Businesses have start up costs. What is this business? What costs does he need to find money for?

He needs to take in a lodger, get a quick cash in hand job for a couple of weeks, an actual legit part time job, or follow the earn ten pounds a day thread on here.

He's lazy. He's guilting you into doing stuff you shouldn't be doing. It's emotional blackmail.

If you must help him - and I wouldn't- I'd loan him money on the presumption you will never see it again. No more than a grand. Tell him the rest is in an account that needs a long notice period to withdraw so you can't access it. End of.

We need more info to work out just how bad he is. I can't believe he's expected you to live like a hermit and he hasn't done anything to improve things for you or his child as sitting on his arse was more important to him.

QueenBitch666 · 10/05/2024 10:49

NO

Muffin101 · 10/05/2024 10:50

Devilshands · 10/05/2024 10:40

So now comes the hard part, he can’t afford anything at this point, can’t pay his rent or bills or child support.

So not only does he have no business sense...he also doesn't care about his kid enough to ensure he can pay child support. What a catch.

You've been a fool for helping him so much so far OP - buying food and giving him 'small financial things.' He's taking you for an absolute ride.

End this now.

Edited

This. Clearly this guy isn’t the sharpest tool in the shed, nor has he got his priorities straight. It’s baffling to me that he’s just been ‘working on the business’ for a whole year rather than staying in paid employment until the business could be financially viable. His planning leaves a lot to be desired.
Absolutely do not invest/buy a portion of this ‘business’.

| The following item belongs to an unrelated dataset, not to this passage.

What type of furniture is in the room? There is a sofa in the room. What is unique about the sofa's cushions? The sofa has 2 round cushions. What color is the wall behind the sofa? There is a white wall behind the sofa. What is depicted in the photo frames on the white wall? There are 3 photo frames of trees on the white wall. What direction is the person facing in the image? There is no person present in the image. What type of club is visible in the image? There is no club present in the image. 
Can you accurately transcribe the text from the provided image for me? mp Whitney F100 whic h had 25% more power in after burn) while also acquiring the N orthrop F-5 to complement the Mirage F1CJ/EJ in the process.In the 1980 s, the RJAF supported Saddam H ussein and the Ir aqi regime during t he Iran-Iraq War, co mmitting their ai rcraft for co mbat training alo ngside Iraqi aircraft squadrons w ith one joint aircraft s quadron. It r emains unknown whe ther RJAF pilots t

CurlewKate · 10/05/2024 10:50

What's the business?

BlondeFool · 10/05/2024 10:50

Crazy.

PaminaMozart · 10/05/2024 10:52

@Strawberryshortgirl - you know your boyfriend is not a business person. He went about setting up this so called business entirely the wrong way.

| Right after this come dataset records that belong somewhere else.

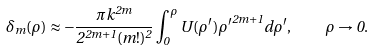<formula> <loc_0><loc_0><loc_500><loc_500>\delta _ { m } ( \rho ) \approx - \frac { \pi k ^ { 2 m } } { 2 ^ { 2 m + 1 } ( m ! ) ^ { 2 } } \int _ { 0 } ^ { \rho } U ( \rho ^ { \prime } ) { \rho ^ { \prime } } ^ { 2 m + 1 } d \rho ^ { \prime } , \quad \rho \rightarrow 0 .</formula> 
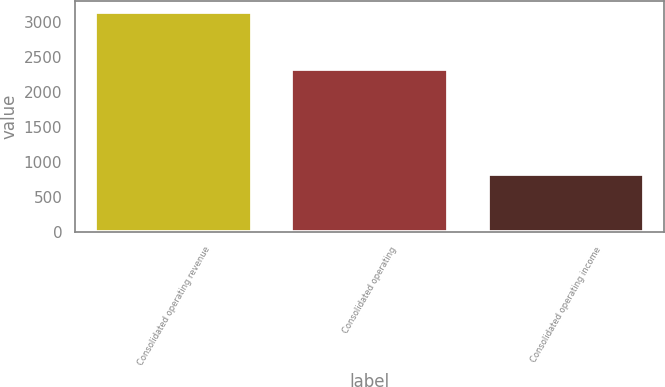Convert chart to OTSL. <chart><loc_0><loc_0><loc_500><loc_500><bar_chart><fcel>Consolidated operating revenue<fcel>Consolidated operating<fcel>Consolidated operating income<nl><fcel>3144.9<fcel>2327<fcel>817.9<nl></chart> 
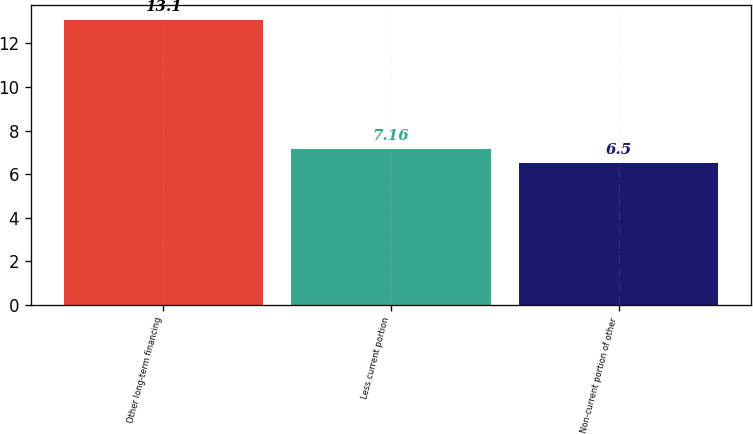<chart> <loc_0><loc_0><loc_500><loc_500><bar_chart><fcel>Other long-term financing<fcel>Less current portion<fcel>Non-current portion of other<nl><fcel>13.1<fcel>7.16<fcel>6.5<nl></chart>

This business is going to fail. You know it will.

Don't do it.

Zanatdy · 10/05/2024 10:55

Just make sure you draw up a loan agreement if you do it

biscuitsnow · 10/05/2024 10:55

Also, higher up the thread, someone suggested owning part of the business as a trade for the money. Don't do this for the love of God. You will become liable for the business debts if you don't set up the company properly. Debtors will come for your assets if anything goes wrong

This too! Depending on how the company is set up, if you own part of his business you may be responsible for the debts of the business which means they can come after you personally for payment. Please research this thoroughly before you just jump in and get part of his business. This will end in utter disaster if you dont.